1. He talks about himself more than your most narcissistic friends talk about themselves.
Only men tend not to have interpersonal dramas that are sometimes entertaining to hear about. To avoid being bored to death listening to tales of his office job, eject yourself from the situation.
2. He’s incapable of making plans.
The Incapable Planner never makes or sticks to plans with you because he always has something “fabulous” (that’s really not fabulous) to do or he’s expecting something better to come up.
3. He has no interest in trying to get your friends to like him.

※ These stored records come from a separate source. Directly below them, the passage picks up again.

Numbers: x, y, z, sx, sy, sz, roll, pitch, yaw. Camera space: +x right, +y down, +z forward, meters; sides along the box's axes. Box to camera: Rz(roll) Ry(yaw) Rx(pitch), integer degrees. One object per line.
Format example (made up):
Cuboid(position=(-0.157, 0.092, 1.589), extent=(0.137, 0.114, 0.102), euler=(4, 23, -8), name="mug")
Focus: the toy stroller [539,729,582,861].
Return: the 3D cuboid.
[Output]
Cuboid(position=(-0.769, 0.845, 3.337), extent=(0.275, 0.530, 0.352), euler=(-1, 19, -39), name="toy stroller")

He’ll show up to the bar and expect you to blow him afterward, make no mistake. But he’ll play buck hunter over chatting with your girlfriends.

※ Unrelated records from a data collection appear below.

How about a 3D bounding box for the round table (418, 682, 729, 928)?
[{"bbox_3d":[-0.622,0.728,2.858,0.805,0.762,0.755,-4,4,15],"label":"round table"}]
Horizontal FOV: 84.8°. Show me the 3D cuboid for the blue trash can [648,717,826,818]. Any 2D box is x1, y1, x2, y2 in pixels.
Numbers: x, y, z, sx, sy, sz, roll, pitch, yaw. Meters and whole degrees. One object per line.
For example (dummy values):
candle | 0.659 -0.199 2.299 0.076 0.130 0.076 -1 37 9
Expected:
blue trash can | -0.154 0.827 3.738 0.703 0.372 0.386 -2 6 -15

4. He seizes every opportunity to imply his life is like Jay-Z’s.
He’s constantly talking about this “hot club” he went to or the time he air-cheersed Jay-Z from across a room. If he EVER, I repeat EVER, brags about buying bottles at a club, say goodbye.

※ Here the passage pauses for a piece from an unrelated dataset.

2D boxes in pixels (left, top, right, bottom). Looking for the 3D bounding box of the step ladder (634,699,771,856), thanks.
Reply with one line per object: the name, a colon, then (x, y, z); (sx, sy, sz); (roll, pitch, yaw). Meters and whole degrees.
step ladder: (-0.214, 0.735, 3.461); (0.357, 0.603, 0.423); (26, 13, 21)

5. He assumes you’re sitting around waiting for a ring.
And will snidely remind you of it every time “the future” arises in conversation.
6. He keeps an up-to-date gallery of shirtless photos of himself on Facebook.
Even if he looks like Channing Tatum without a shirt on, his physique is not the front page of the New York Times — no one needs that many news flashes on his pectorals.
7. He brags about how many Twitter followers he has.
And when you mention the concept of “fake followers” he says, “Your FACE is fake.” Because he would.